Авторы не идеализируют своего героя. Махно — не только искренний противник государства, как института подавления личных и общественных свобод или же жертва двурушнической политики большевиков. Вот он грабит и убивает лавочника Маскуриди (первое убийство), вот предательски расправляется с атаманом Григорьевым (конкурент), вот отдает приказ расстрелять всех сдавшихся красных эстонцев (наемники).
В романе не только биография атамана, но и линии fiction увязаны с подлинными историческими фактами. Так, например, в книге действует белый полковник Владислав Данилевский, ищущий по всему Парижу атамана-эмигранта. Его родственников (отца и сестру) в малороссийском имении вместе с гостями перебил Махно. В реальности Данилевского не существовало, но Махно действительно переодевшись в форму офицера армии гетмана Павла Скоропадского, совершал подобные налеты.
Удачны и психологические портреты героев. Вот тот же Данилевский, разлученный с семьей, отставший от полка, ожидающий эвакуации в Новороссийске. «Он знал, что рано или поздно застрелится. И все-таки жил, понимая, что с этим всегда успеется… Парадокс: его спасала мысль о неизбежном самоубийстве». Ярка и эмоциональна сцена, когда знакомый по Бутырке, а потом по Царицыну чекист Роман Кущ-Мандолина, ставший после окончания Гражданской войны крупным советским функционером, уговаривает нищего и больного батьку вернуться в СССР. Махно непреклонен и Кущ уже собирается уходить.
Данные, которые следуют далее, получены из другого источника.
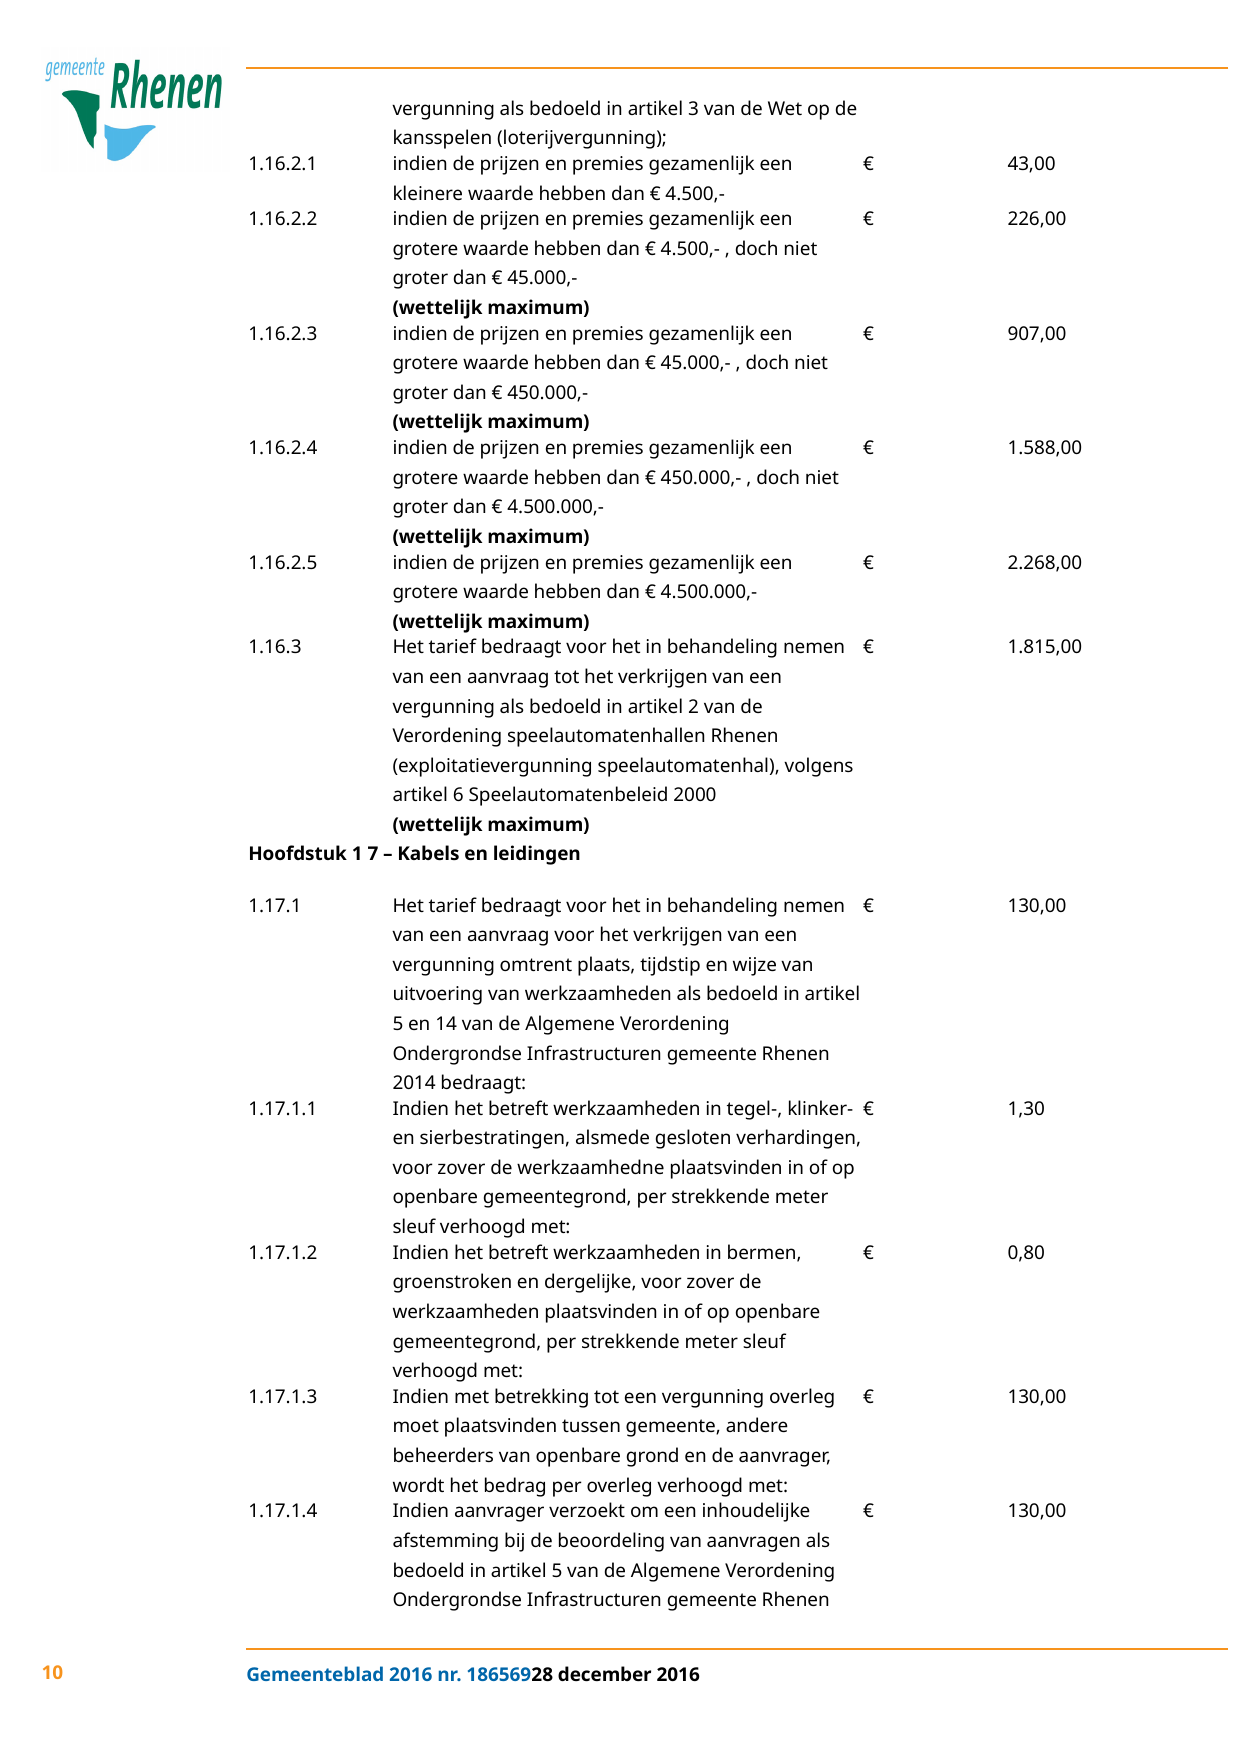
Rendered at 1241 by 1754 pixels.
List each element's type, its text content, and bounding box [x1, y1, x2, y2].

«– Мандолина! – остановил своего давнего тюремного приятеля Махно. – Скажи, а можешь ты, советник, человек генеральского звания, на губах сыграть, как когда-то бывало? Вернуть юность.
И холеный советник, отбивая чечетку и издавая удивительные звуки, перебирая пальцами губы, пошел к двери».
А вот заключительная сцена, когда Данилевский находит в Париже смертельно больного Махно, молча смотрит на него, уходит и, предварительно разрядив, выбрасывает револьвер в Сену, представляется несколько искусственной.
Вместе с тем в «Девяти жизнях» имеется и осознанный отход от исторических фактов. Так, начальник штаба армии Махно Черныш вобрал в себя черты трех махновских начштабов. В наибольшей степени он списан с последнего — Виктора Белаша (отсюда парафраз фамилии), но есть отсылки и к другим руководителям штаба.
Сильно отличается разговор между Махно и Лениным, в версии авторов романа… и самого Нестора Ивановича. Махно вспоминает о своих, по сути, бесплодных переговорах с Лениным и главой Советского правительства Яковом Свердловым. Вожди большевизма показали в процессе переговоров абсолютное незнание философии и политики анархистов-коммунистов (официальное название движения Махно), заносчиво обвиняя батьку в «беспочвенности». Как выяснилось в процессе беседы, они имели вдобавок очень смутное представление о реальных чаяниях крестьян. Истоки новой экономической политики коммунистов следует искать и в этой беседе. В диалоге романа «крестьянская» тема отсутствует. Герои говорят об анархии и коммунизме, а затем приходят к соглашению о совместных боевых действиях.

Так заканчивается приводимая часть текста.